Back in the days when our house had a television attached to a signal from the outside world (about two and a half years ago now), I was known to watch an episode or two of shows like American Chopper. There was something about the creative process surviving through a great deal of bombast which appealed to me. Once you cut through the yelling and screaming there was some impressive craftsmanship on display. What may also have appealed to me was watching the work of people who are skilled with motors and crafting metal. While I have been lucky enough to have spent some time blacksmithing, I have no more than a very basic working knowledge of motors. Despite my lack of practical knowledge, I do appreciate the form and function of motorcycles. I especially appreciate older bikes like the one in today's archival images.

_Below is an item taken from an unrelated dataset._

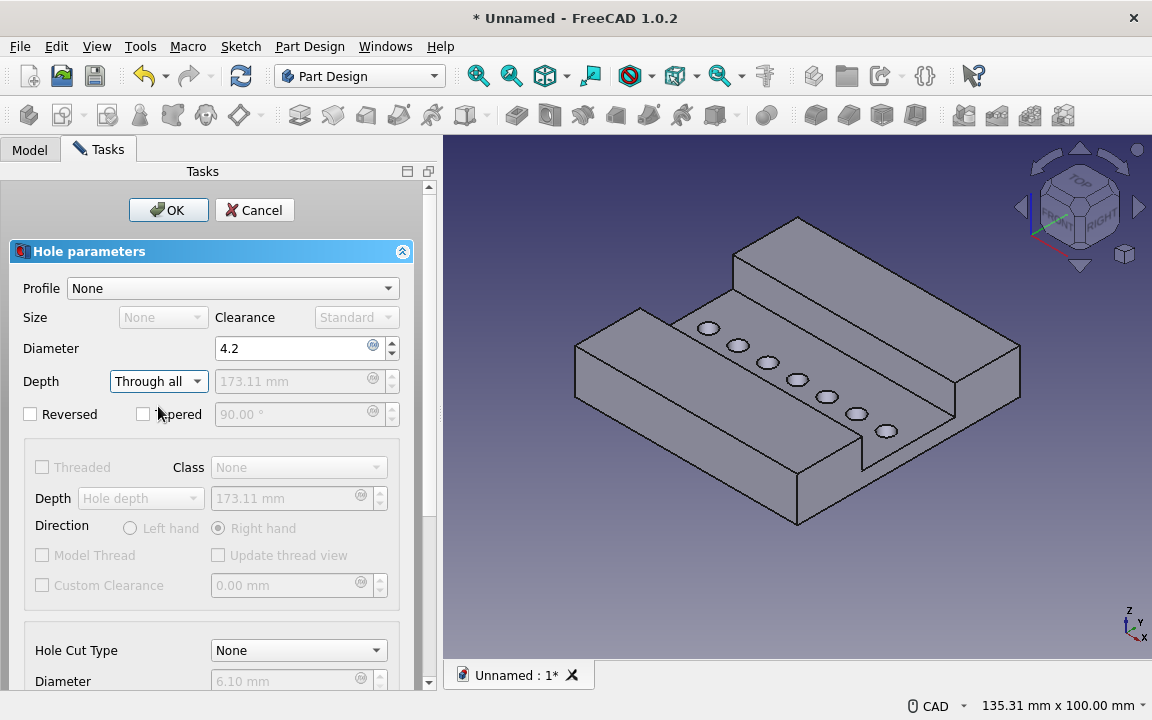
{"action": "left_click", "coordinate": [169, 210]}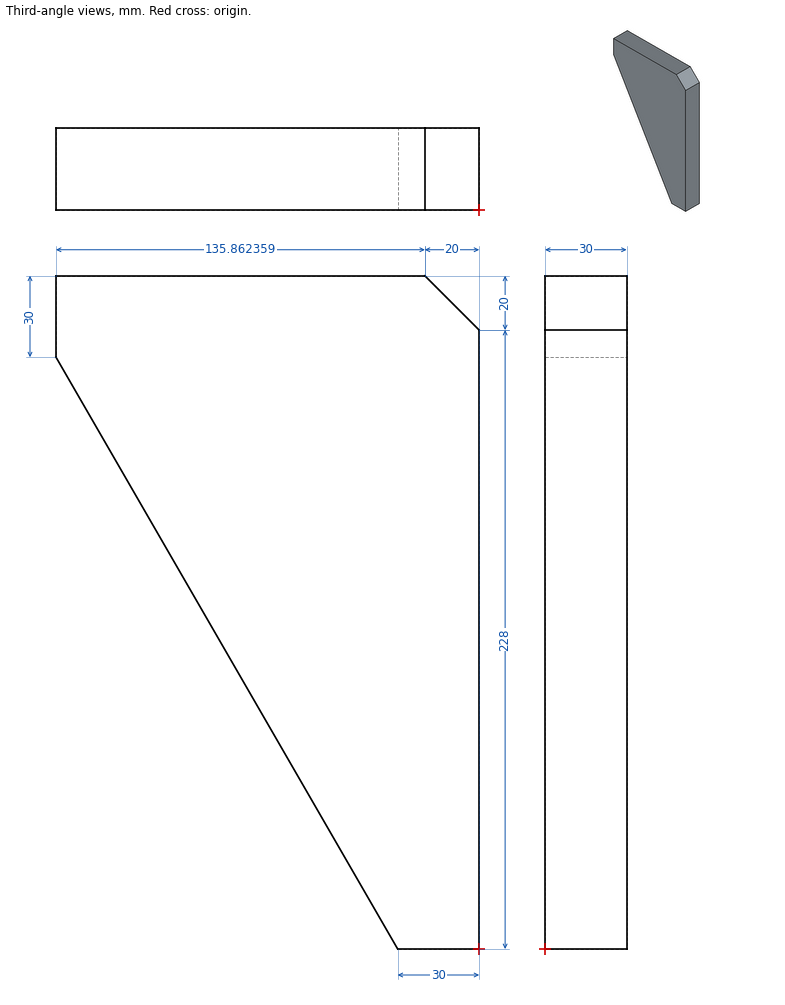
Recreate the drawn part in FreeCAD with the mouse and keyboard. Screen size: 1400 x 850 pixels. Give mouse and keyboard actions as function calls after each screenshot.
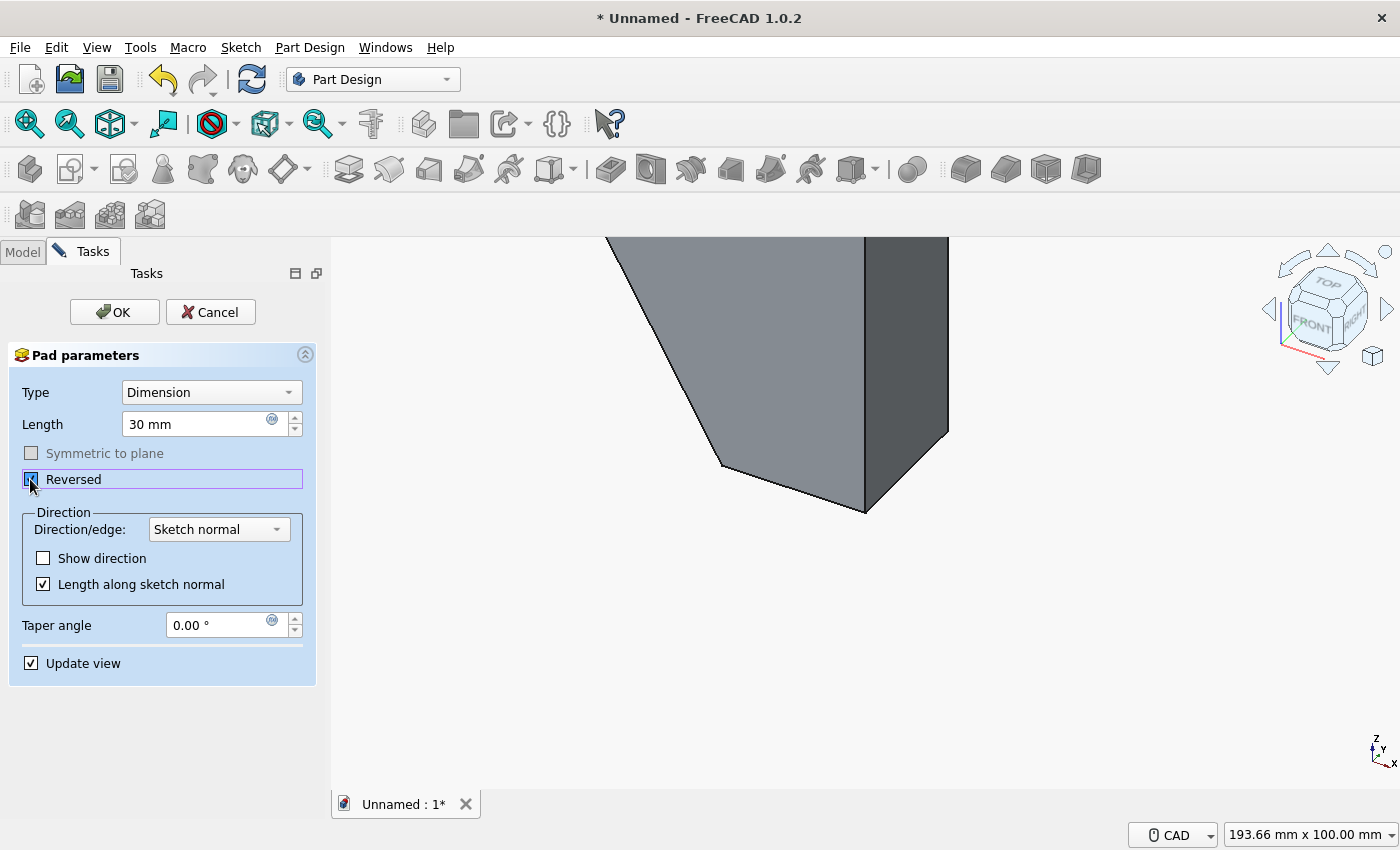
click(115, 312)

The two images in this post come from the Sidney Payne collection at the Annapolis Heritage Society Archives. From a quick look, I believe that these images are of a circa 1915 Indian Motorcycle. Under magnification you can tell that it is the same motorcycle with two different riders posing. What confirmed this was that mud has run down the front fender in the same pattern in both images. I am sure that the bike is an Indian since it is written on the gas tank but, I am hoping that someone will be able confirm the date of the motorcycle. The more I look at the images the more fascinated I become with the long lines and strangely long handlebars on this motorcycle. I do hope that it would have been painted red like the photographs of older Indian Motorcycles I found online.

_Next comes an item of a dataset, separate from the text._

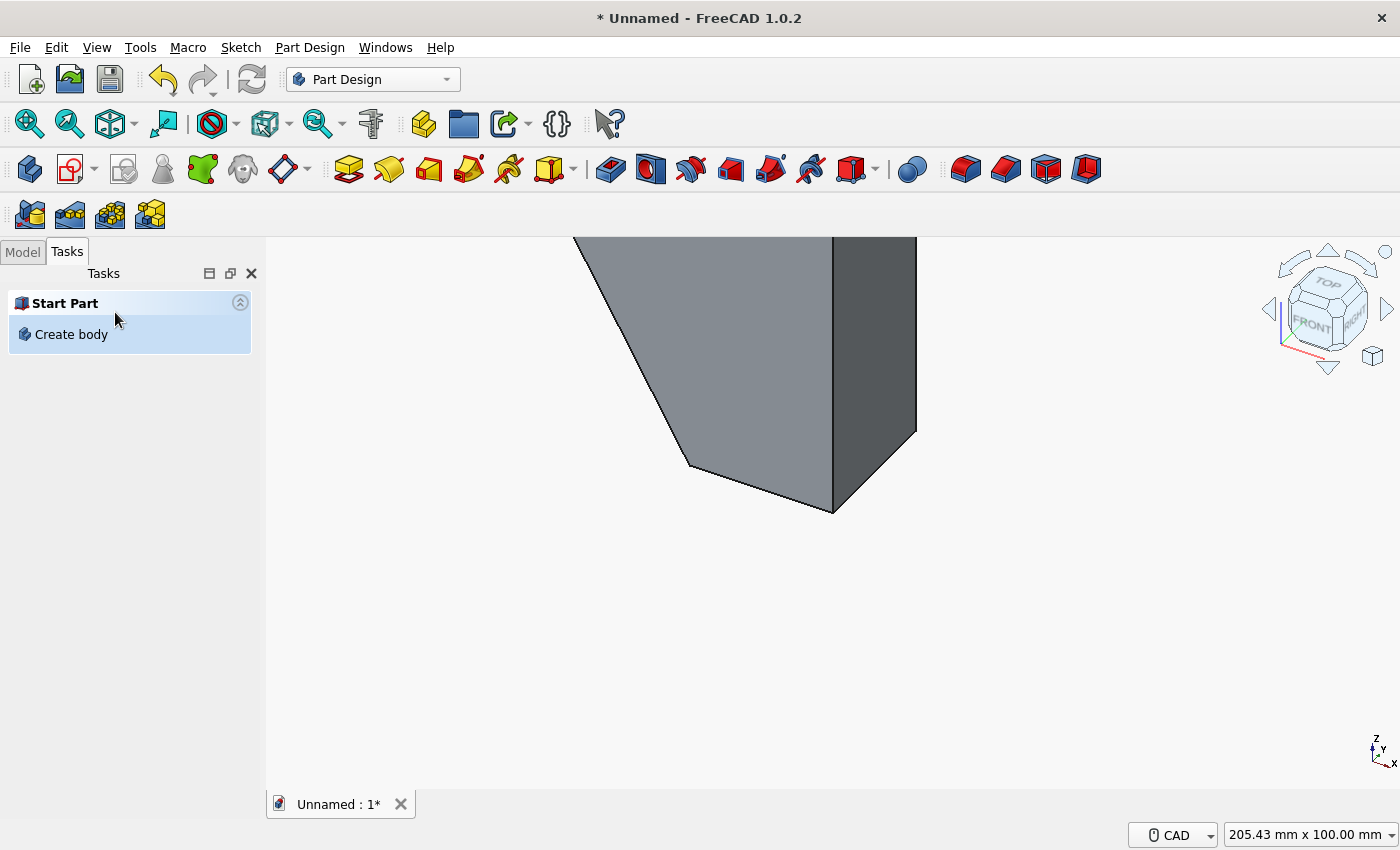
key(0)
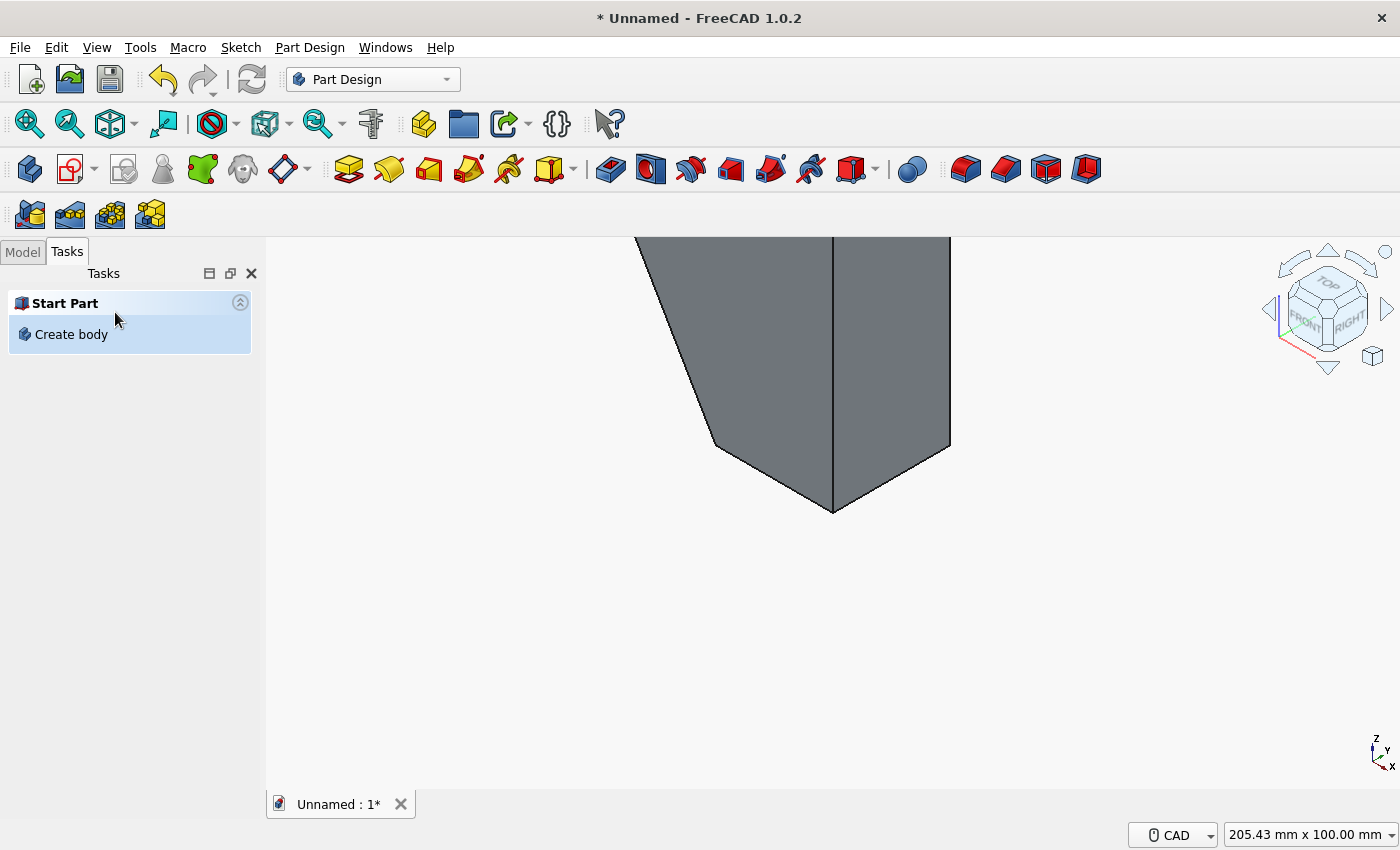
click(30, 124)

While these archival images are interesting, the Annapolis Royal region also has a tie to modern motorcycle culture. Over the past few years our neighbouring community of Digby has been developing the Wharf Rat Rally. If reports were accurate, we had almost 20 000 people arrive in Digby for this event last year. I have a feeling that these two images may be making a return appearance when we get a bit closer this year's Wharf Rat Rally.